[[ Listed entries open ]]

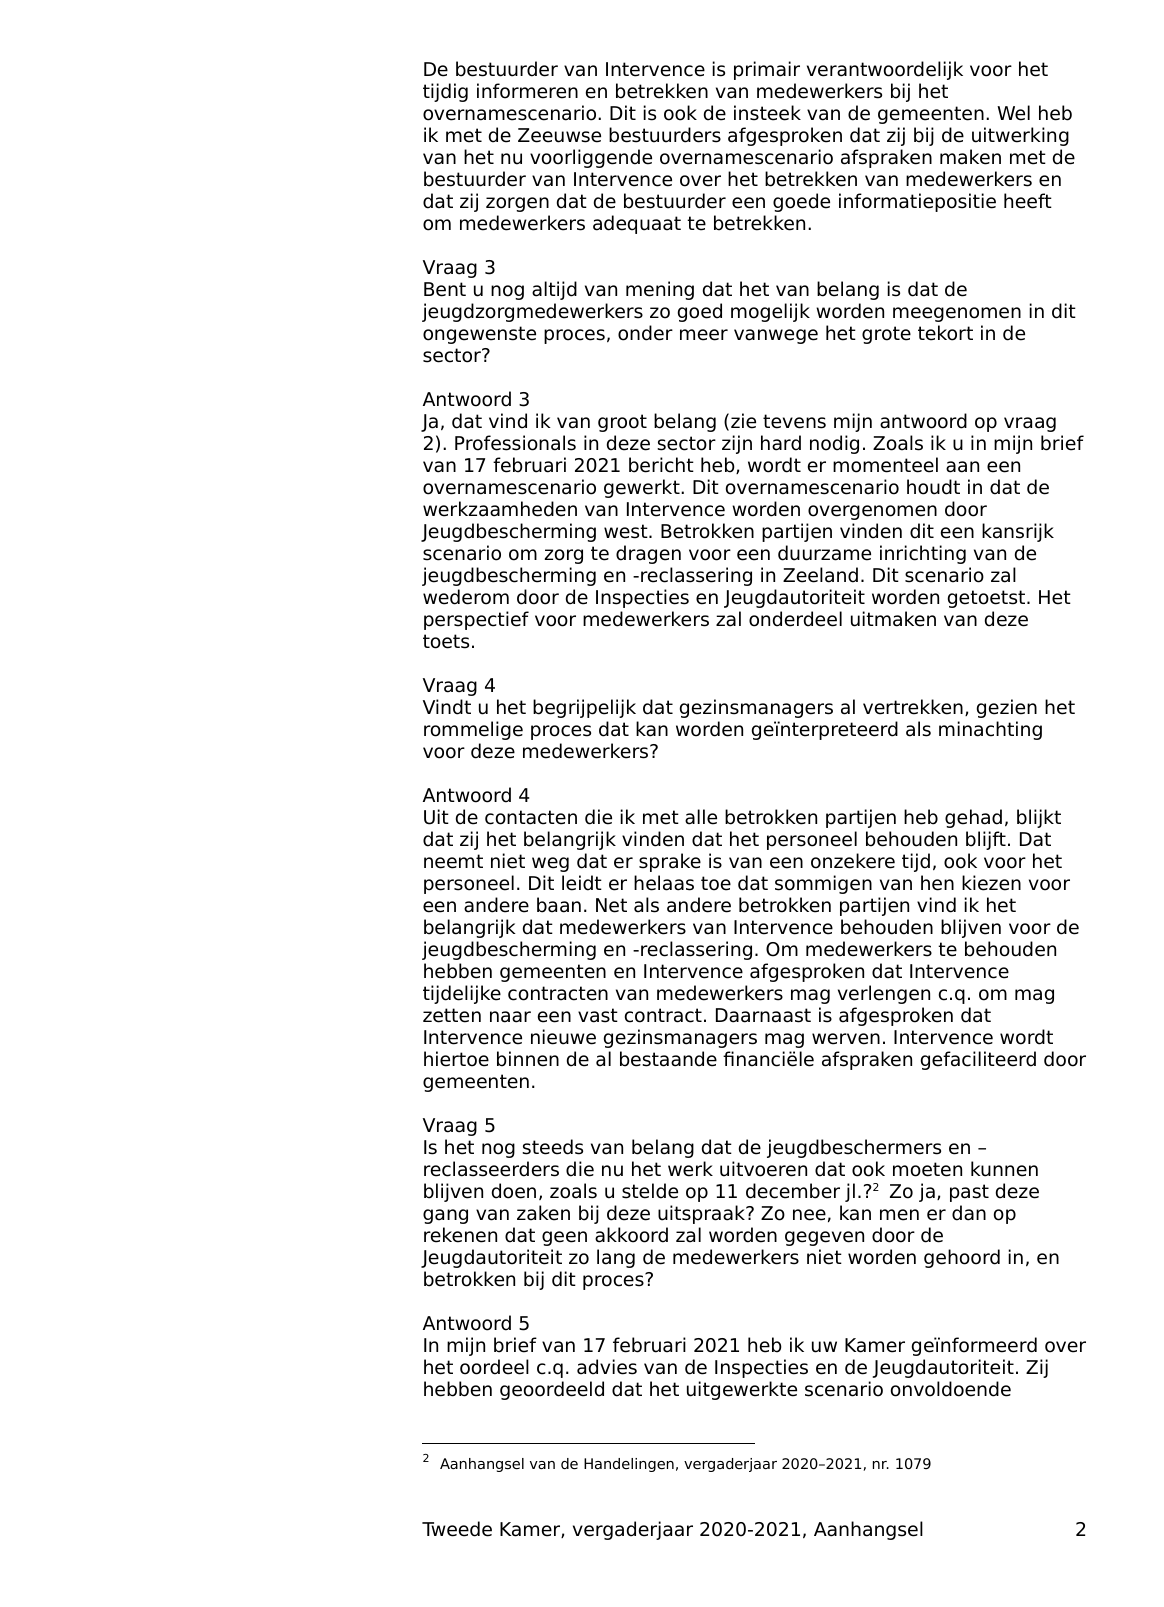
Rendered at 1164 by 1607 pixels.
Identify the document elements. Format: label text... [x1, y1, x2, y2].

text Aanhangsel van de Handelingen, vergaderjaar 2020–2021, nr. 1079 [422, 1452, 1087, 1474]
text Vraag 3 [422, 257, 1087, 279]
text Antwoord 4 [422, 785, 1087, 807]
text De bestuurder van Intervence is primair verantwoordelijk voor het tijdig informeren en betrekken van medewerkers bij het overnamescenario. Dit is ook de insteek van de gemeenten. Wel heb ik met de Zeeuwse bestuurders afgesproken dat zij bij de uitwerking van het nu voorliggende overnamescenario afspraken maken met de bestuurder van Intervence over het betrekken van medewerkers en dat zij zorgen dat de bestuurder een goede informatiepositie heeft om medewerkers adequaat te betrekken. [422, 59, 1087, 235]
text Vraag 5 [422, 1115, 1087, 1137]
text Antwoord 3 [422, 389, 1087, 411]
text In mijn brief van 17 februari 2021 heb ik uw Kamer geïnformeerd over het oordeel c.q. advies van de Inspecties en de Jeugdautoriteit. Zij hebben geoordeeld dat het uitgewerkte scenario onvoldoende [422, 1335, 1087, 1401]
text Antwoord 5 [422, 1313, 1087, 1335]
text Bent u nog altijd van mening dat het van belang is dat de jeugdzorgmedewerkers zo goed mogelijk worden meegenomen in dit ongewenste proces, onder meer vanwege het grote tekort in de sector? [422, 279, 1087, 367]
text Is het nog steeds van belang dat de jeugdbeschermers en – reclasseerders die nu het werk uitvoeren dat ook moeten kunnen blijven doen, zoals u stelde op 11 december jl.? Zo ja, past deze gang van zaken bij deze uitspraak? Zo nee, kan men er dan op rekenen dat geen akkoord zal worden gegeven door de Jeugdautoriteit zo lang de medewerkers niet worden gehoord in, en betrokken bij dit proces? [422, 1137, 1087, 1291]
text Ja, dat vind ik van groot belang (zie tevens mijn antwoord op vraag 2). Professionals in deze sector zijn hard nodig. Zoals ik u in mijn brief van 17 februari 2021 bericht heb, wordt er momenteel aan een overnamescenario gewerkt. Dit overnamescenario houdt in dat de werkzaamheden van Intervence worden overgenomen door Jeugdbescherming west. Betrokken partijen vinden dit een kansrijk scenario om zorg te dragen voor een duurzame inrichting van de jeugdbescherming en -reclassering in Zeeland. Dit scenario zal wederom door de Inspecties en Jeugdautoriteit worden getoetst. Het perspectief voor medewerkers zal onderdeel uitmaken van deze toets. [422, 411, 1087, 653]
text Vindt u het begrijpelijk dat gezinsmanagers al vertrekken, gezien het rommelige proces dat kan worden geïnterpreteerd als minachting voor deze medewerkers? [422, 697, 1087, 763]
text Vraag 4 [422, 675, 1087, 697]
text Uit de contacten die ik met alle betrokken partijen heb gehad, blijkt dat zij het belangrijk vinden dat het personeel behouden blijft. Dat neemt niet weg dat er sprake is van een onzekere tijd, ook voor het personeel. Dit leidt er helaas toe dat sommigen van hen kiezen voor een andere baan. Net als andere betrokken partijen vind ik het belangrijk dat medewerkers van Intervence behouden blijven voor de jeugdbescherming en -reclassering. Om medewerkers te behouden hebben gemeenten en Intervence afgesproken dat Intervence tijdelijke contracten van medewerkers mag verlengen c.q. om mag zetten naar een vast contract. Daarnaast is afgesproken dat Intervence nieuwe gezinsmanagers mag werven. Intervence wordt hiertoe binnen de al bestaande financiële afspraken gefaciliteerd door gemeenten. [422, 807, 1087, 1093]

[[ Listed entries closed ]]

- **Problem requirements**
Across the material above, count every line holding "jeugdbescherming" and write down only the number.

- **Result**
2